*** AVAILABLE DATA Section Begins ***
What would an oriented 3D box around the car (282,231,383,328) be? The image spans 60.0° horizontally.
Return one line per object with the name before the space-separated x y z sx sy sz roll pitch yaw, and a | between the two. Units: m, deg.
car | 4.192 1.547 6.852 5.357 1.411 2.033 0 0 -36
*** AVAILABLE DATA Section Ends ***
*** AVAILABLE DATA Section Begins ***
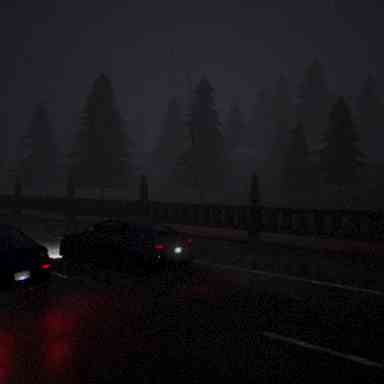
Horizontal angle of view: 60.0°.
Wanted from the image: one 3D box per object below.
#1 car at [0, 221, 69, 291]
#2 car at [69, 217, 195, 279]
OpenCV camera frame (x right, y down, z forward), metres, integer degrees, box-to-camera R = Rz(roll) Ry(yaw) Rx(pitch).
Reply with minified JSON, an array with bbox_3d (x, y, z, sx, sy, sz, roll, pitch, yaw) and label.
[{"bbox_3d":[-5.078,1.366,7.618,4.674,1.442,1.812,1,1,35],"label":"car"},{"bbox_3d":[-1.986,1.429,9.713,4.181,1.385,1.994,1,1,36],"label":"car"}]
*** AVAILABLE DATA Section Ends ***
*** AVAILABLE DATA Section Begins ***
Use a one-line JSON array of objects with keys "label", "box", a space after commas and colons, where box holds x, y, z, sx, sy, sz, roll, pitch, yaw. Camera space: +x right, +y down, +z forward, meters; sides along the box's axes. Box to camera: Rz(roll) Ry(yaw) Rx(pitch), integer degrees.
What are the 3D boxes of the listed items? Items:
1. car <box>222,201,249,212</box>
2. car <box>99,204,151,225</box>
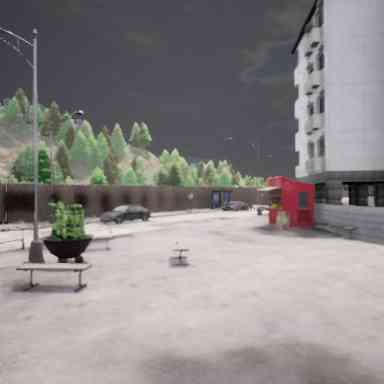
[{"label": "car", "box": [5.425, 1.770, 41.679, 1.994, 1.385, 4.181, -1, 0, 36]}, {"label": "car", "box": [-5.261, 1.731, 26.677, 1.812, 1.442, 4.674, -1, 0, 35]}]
*** AVAILABLE DATA Section Ends ***
▶ [WHAT NEEDS TO BE DONE] Wherever the string "forward" appears in a line of the records above, copy that line.

▶ [RESPONSE BOX]
OpenCV camera frame (x right, y down, z forward), metres, integer degrees, box-to-camera R = Rz(roll) Ry(yaw) Rx(pitch).
Use a one-line JSON array of objects with keys "label", "box", a space after commas and colons, where box holds x, y, z, sx, sy, sz, roll, pitch, yaw. Camera space: +x right, +y down, +z forward, meters; sides along the box's axes. Box to camera: Rz(roll) Ry(yaw) Rx(pitch), integer degrees.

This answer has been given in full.